Yet he stayed where he stood, looking down at the body. Maybe he should have saved her for a more fitting death. He had entertained so many ideas of how she'd witness the end of the world. Maybe ... hadn't she been dead before? No, couldn't be.

With her new found spite, she wasn't really unique anymore. Plenty of others would be like that, it wasn't the same anymore. Many looked at him with hatred, she had been the only one to look with the appropriate sorrow for him, and only that.

He waited for her ghost, but instead her flesh knitted back together. Even her clothes mended.

When she opened her eyes, they were almost triumphant. Almost, if he hadn't been able to sense the remainder of her emotions. Still betrayal there, even after all this ... but it didn't matter enough.

Unsure of what he wanted, he reached for her, but she teleported away the instant he moved.

At the edge of the clearing, she reappeared with her back towards him again.

"Filia, don't you dare play with me!"

"Hmm." The kind of contemptuous sound she usually gave Xelloss. "You hypocrite."
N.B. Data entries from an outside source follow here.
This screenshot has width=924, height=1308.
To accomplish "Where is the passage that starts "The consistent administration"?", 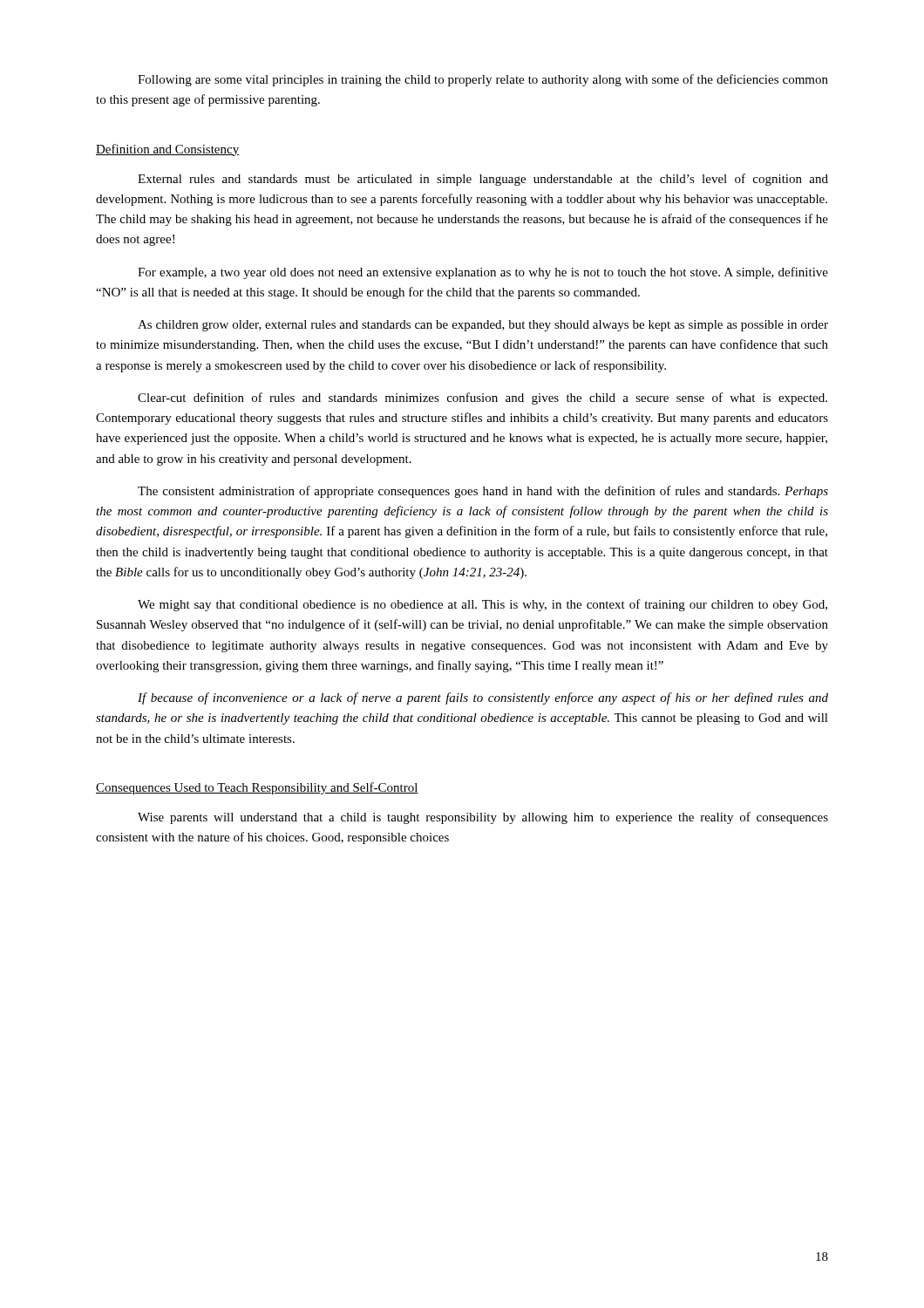I will point(462,532).
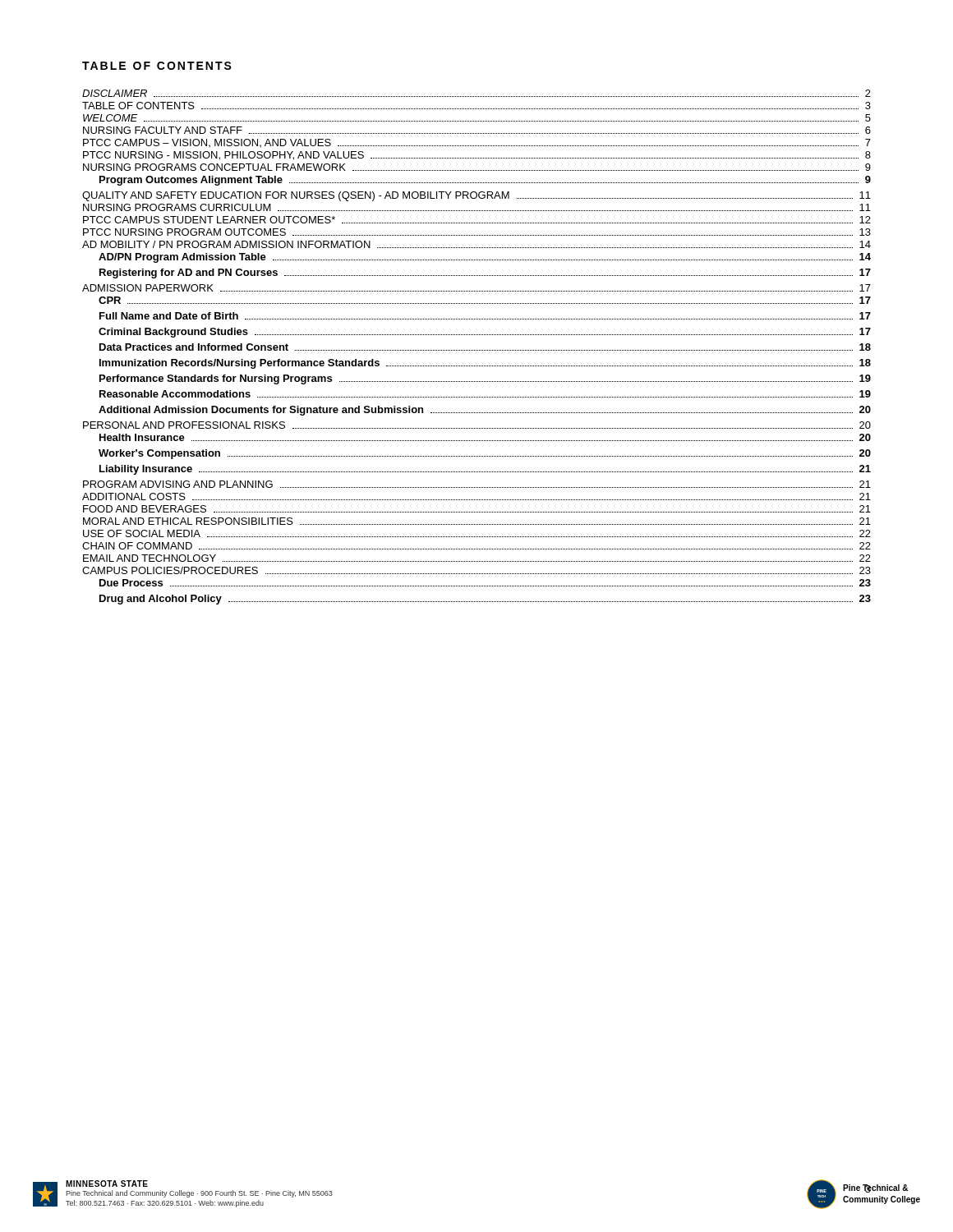This screenshot has height=1232, width=953.
Task: Locate the text "Liability Insurance 21"
Action: (476, 469)
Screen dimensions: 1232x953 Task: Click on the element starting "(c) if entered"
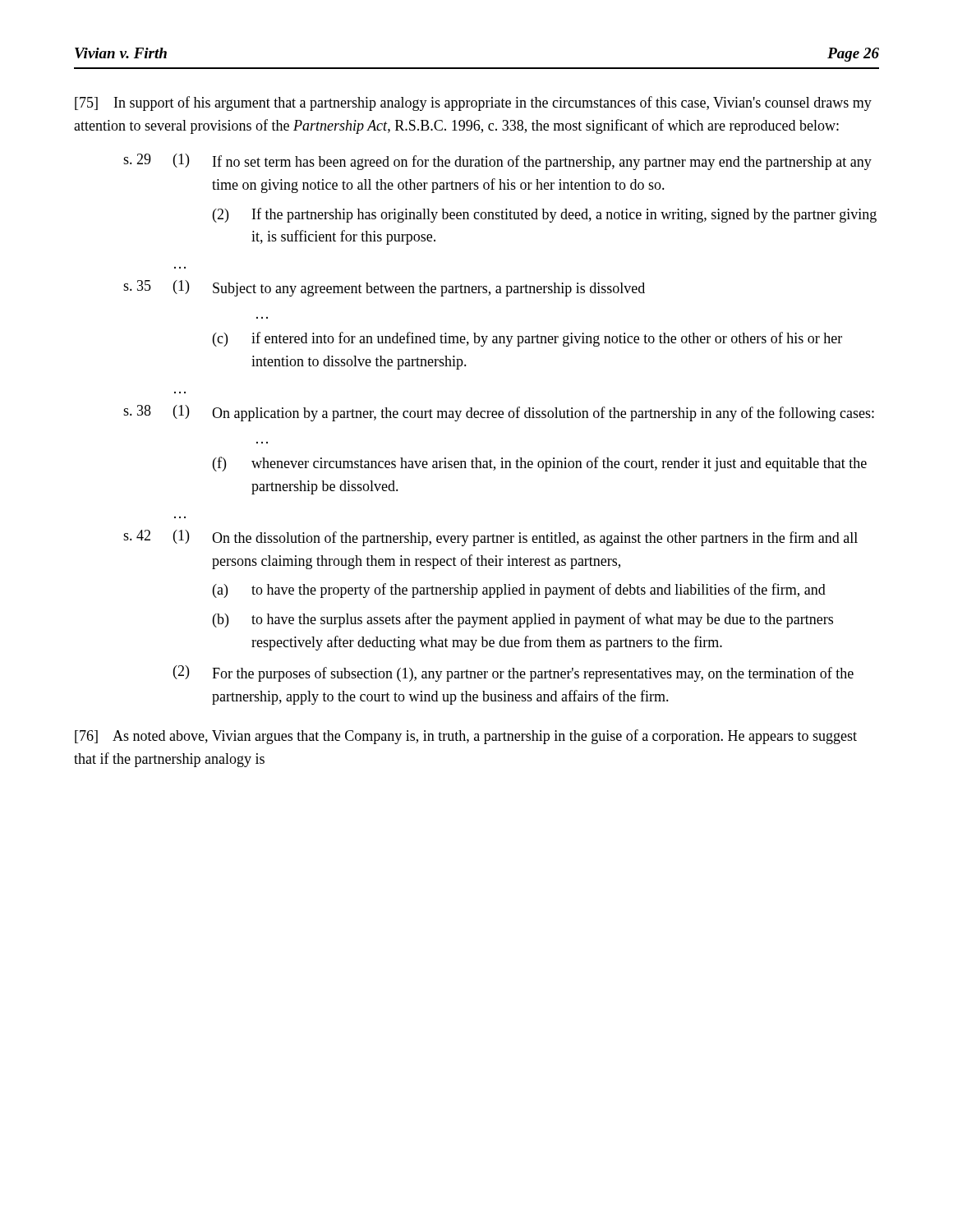point(545,351)

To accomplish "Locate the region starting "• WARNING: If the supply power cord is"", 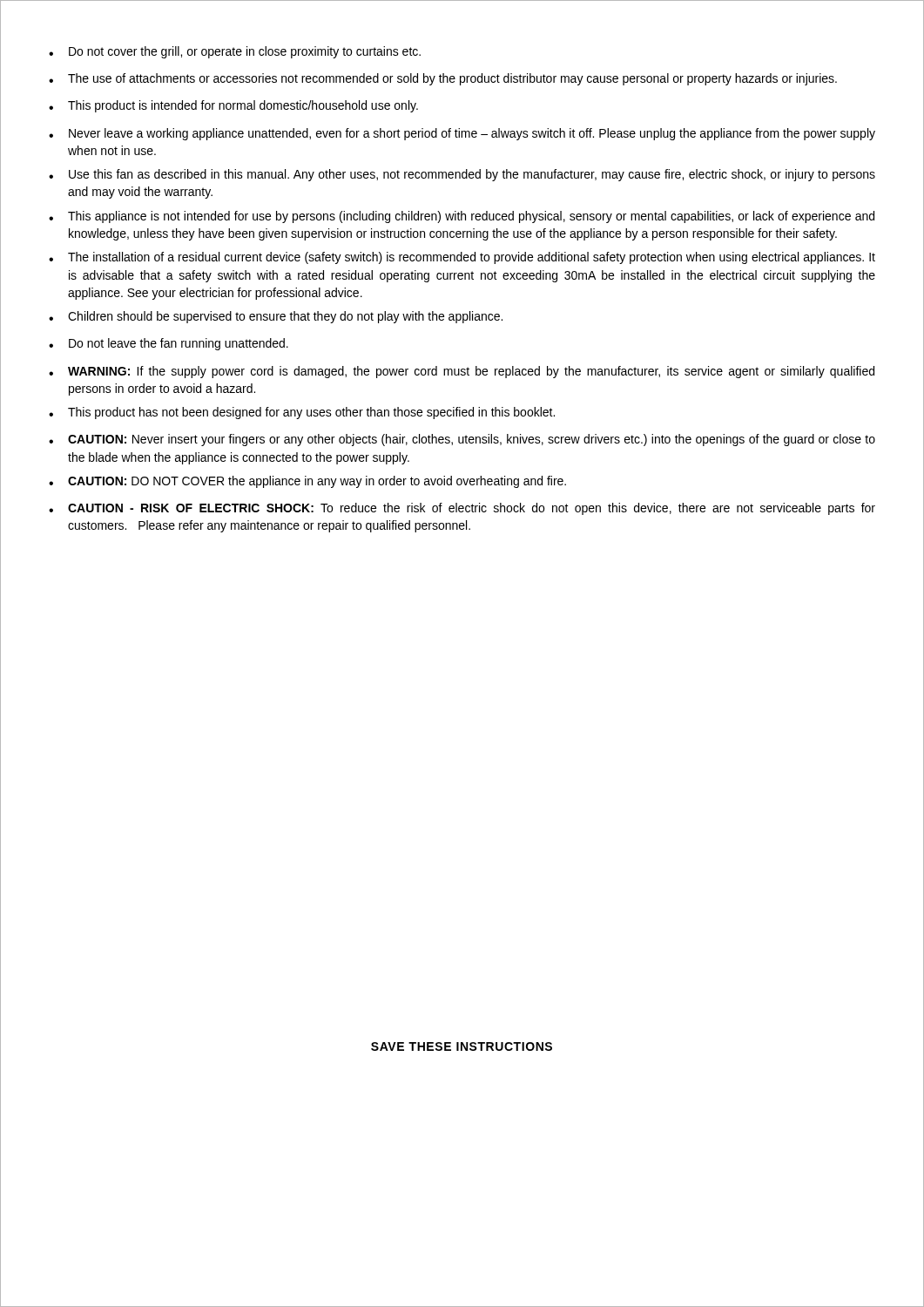I will (x=462, y=380).
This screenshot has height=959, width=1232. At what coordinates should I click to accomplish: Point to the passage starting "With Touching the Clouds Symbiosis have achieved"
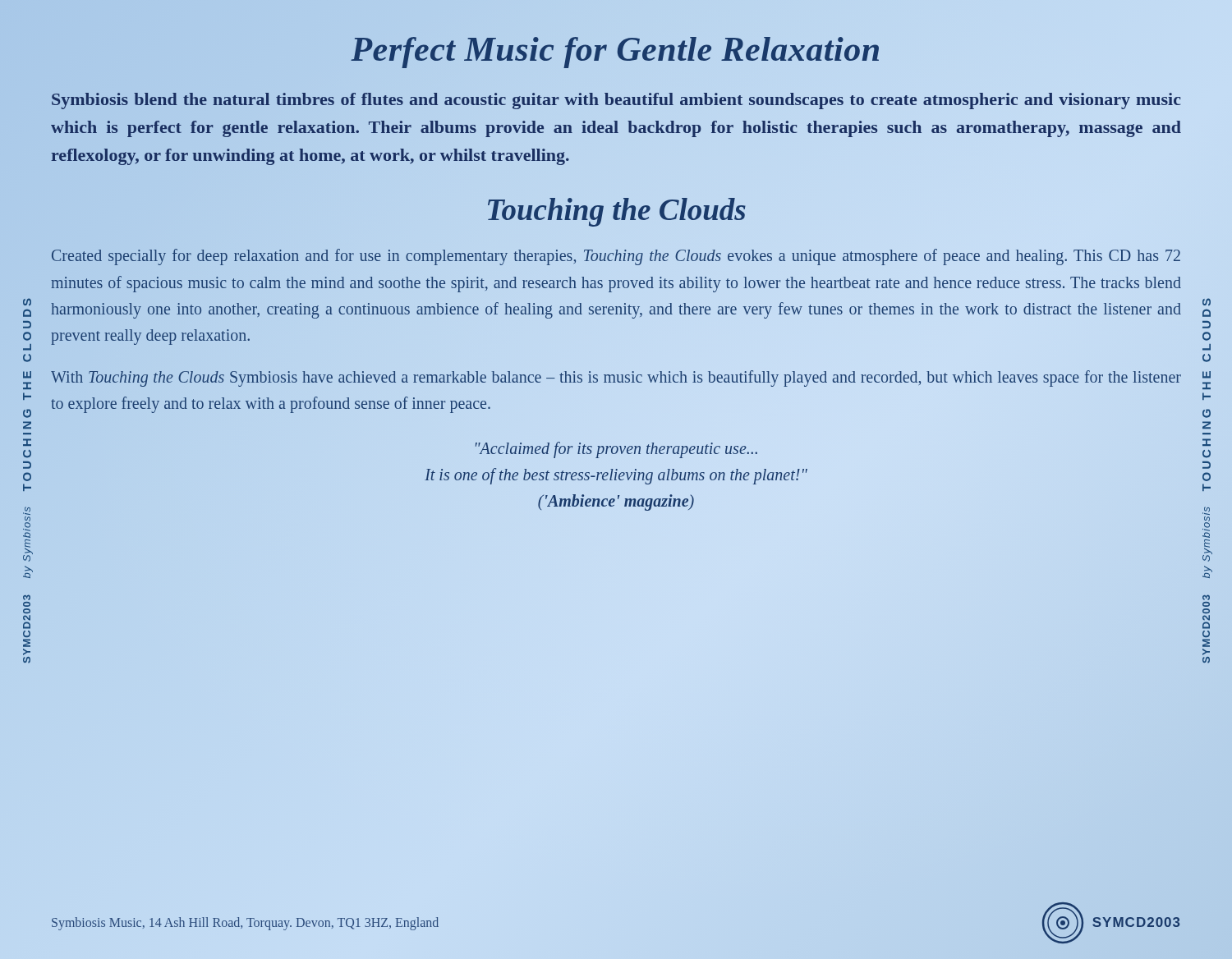click(x=616, y=390)
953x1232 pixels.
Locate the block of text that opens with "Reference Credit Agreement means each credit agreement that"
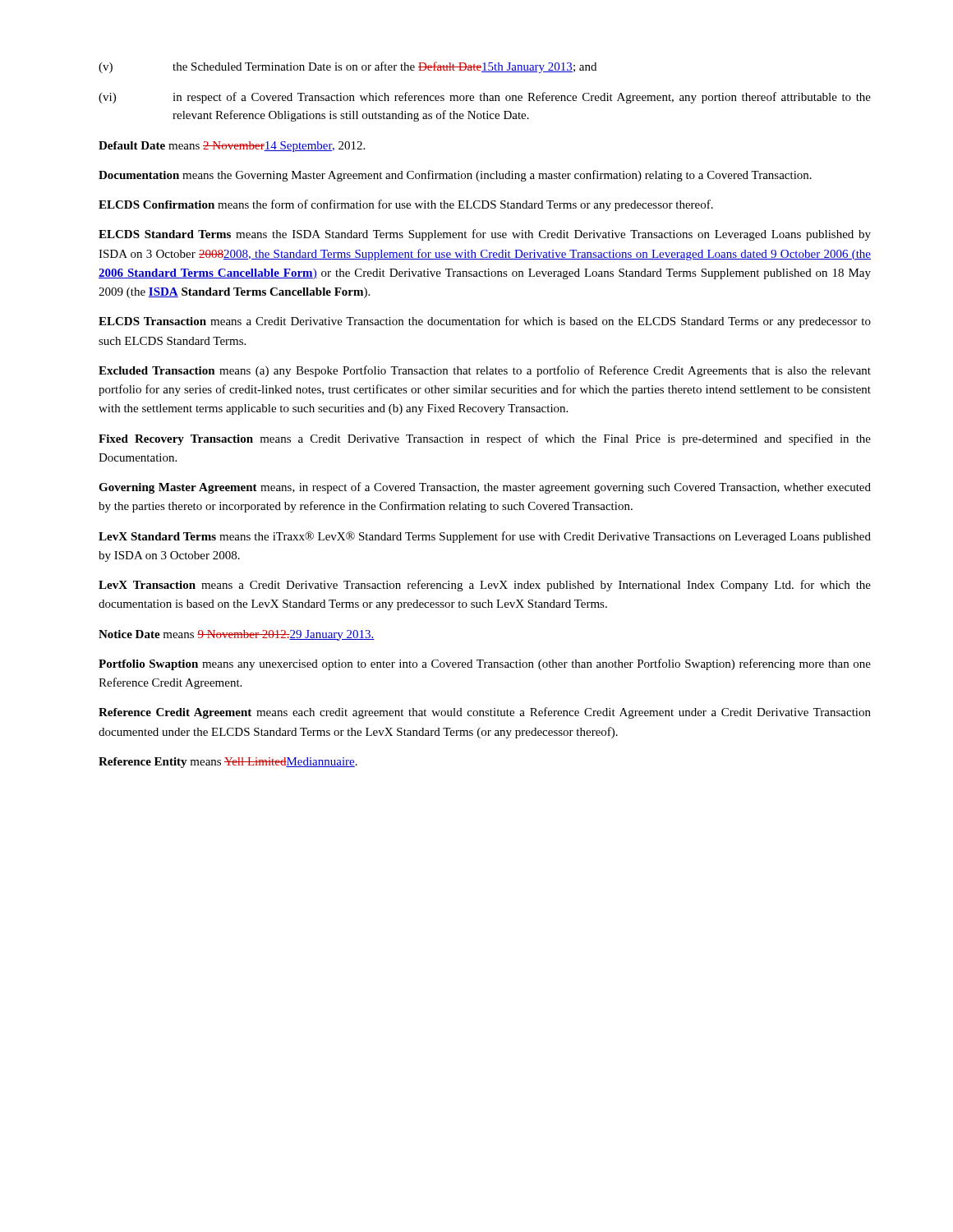485,722
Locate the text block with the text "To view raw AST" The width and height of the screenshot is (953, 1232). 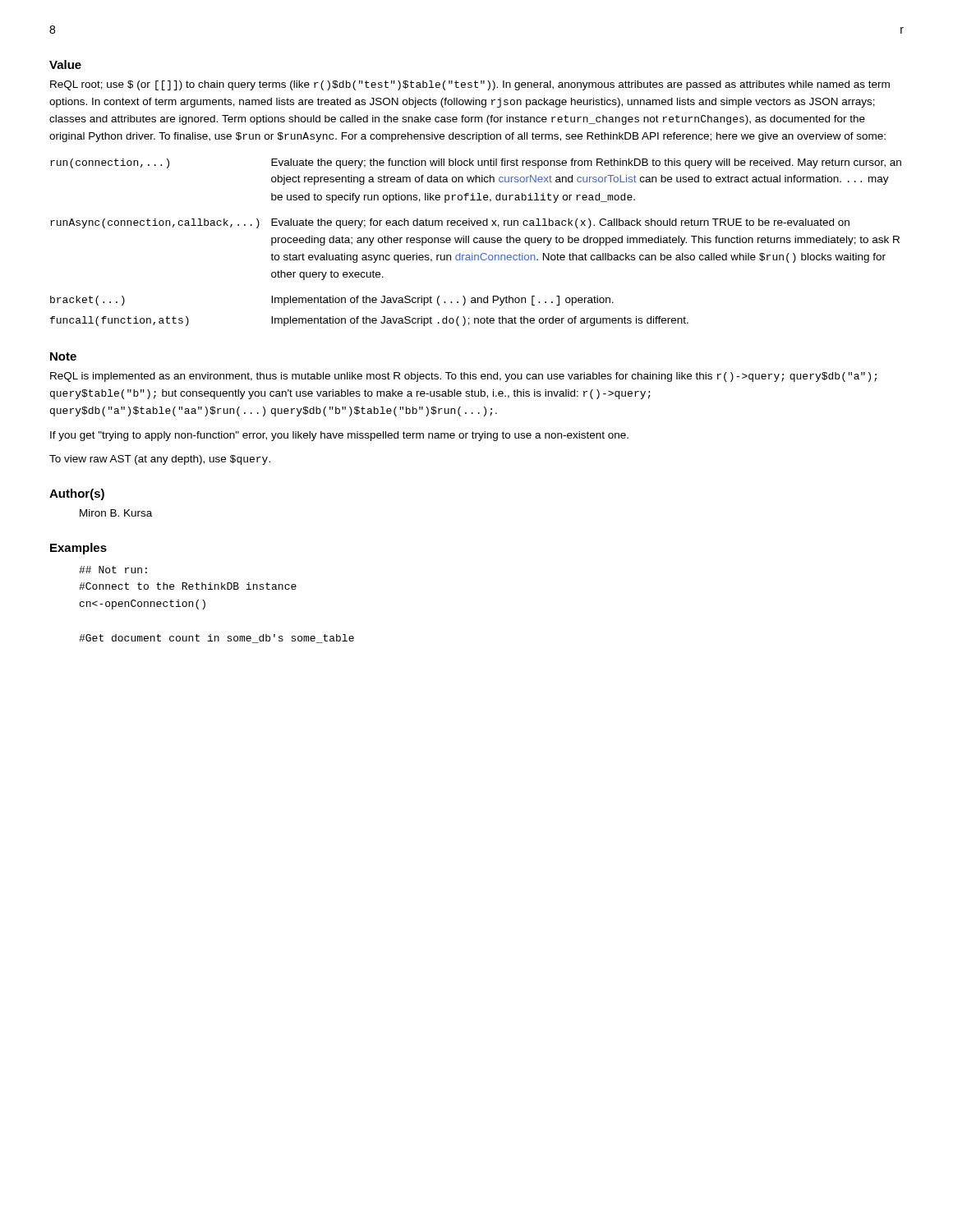(160, 459)

With those words, she vanished into the forest. Really vanished, for the trees obscured the astral plane, where they were nothing but white blue pillars to Megiddo.

Didn't matter, he had other senses.

He folded his wings back and shot into the forest. The moment he passed the first trees, pain sawed through his upper body and one of his legs. Grinding to a halt, he found scorch marks all over himself like he had run into wires, but nothing that caused it.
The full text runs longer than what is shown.